■ Try it: Reproduce, exactly and in full, only the lines below from the one containing "Answer yes or no. No. Is Violet" through the one containing "What is the".

■ Exercise data:

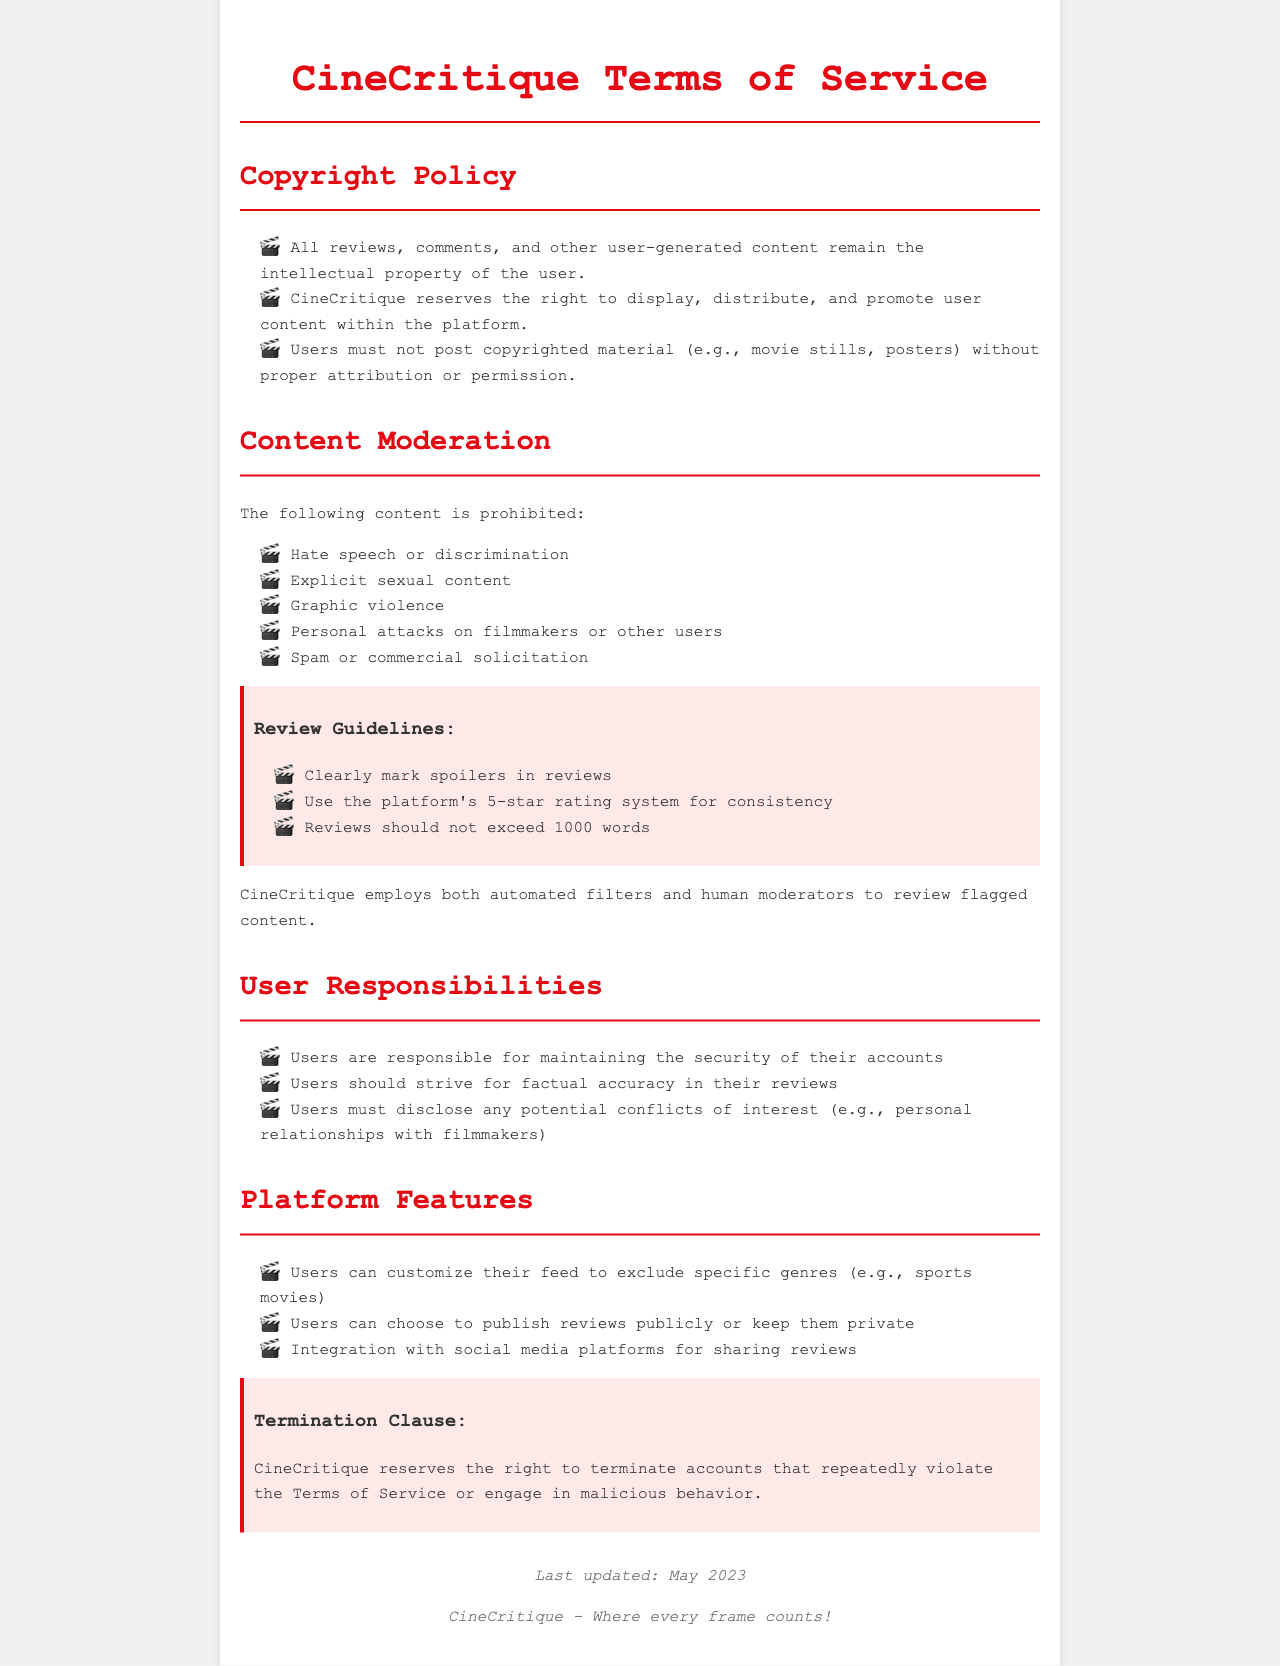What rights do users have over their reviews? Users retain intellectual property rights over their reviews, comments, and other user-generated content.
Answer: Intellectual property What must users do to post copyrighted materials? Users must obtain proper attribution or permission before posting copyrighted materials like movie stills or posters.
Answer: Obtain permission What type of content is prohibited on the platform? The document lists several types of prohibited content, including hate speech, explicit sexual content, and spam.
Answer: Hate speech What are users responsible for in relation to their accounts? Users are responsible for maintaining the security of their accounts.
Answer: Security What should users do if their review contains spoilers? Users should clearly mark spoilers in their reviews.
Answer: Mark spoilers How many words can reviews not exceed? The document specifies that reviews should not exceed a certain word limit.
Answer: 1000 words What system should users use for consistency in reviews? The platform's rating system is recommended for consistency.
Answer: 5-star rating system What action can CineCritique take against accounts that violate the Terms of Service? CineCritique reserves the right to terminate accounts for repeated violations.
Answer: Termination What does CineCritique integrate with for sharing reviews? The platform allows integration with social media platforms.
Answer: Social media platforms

* * *

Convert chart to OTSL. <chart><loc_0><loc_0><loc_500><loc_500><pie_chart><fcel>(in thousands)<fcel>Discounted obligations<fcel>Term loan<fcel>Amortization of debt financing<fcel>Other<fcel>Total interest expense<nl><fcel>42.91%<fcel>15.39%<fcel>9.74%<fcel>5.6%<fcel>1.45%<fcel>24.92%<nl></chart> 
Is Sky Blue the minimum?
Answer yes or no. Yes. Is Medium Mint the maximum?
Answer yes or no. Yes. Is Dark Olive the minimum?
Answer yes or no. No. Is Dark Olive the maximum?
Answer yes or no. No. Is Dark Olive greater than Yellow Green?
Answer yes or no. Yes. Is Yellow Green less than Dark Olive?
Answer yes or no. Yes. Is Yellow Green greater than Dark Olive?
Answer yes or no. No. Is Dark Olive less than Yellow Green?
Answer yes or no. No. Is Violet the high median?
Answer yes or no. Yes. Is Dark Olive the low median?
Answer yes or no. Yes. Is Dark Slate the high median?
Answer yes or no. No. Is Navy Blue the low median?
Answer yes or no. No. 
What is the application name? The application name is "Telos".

■ Solution below:
Answer yes or no. No. Is Violet the high median?
Answer yes or no. Yes. Is Dark Olive the low median?
Answer yes or no. Yes. Is Dark Slate the high median?
Answer yes or no. No. Is Navy Blue the low median?
Answer yes or no. No. 
What is the application name? The application name is "Telos".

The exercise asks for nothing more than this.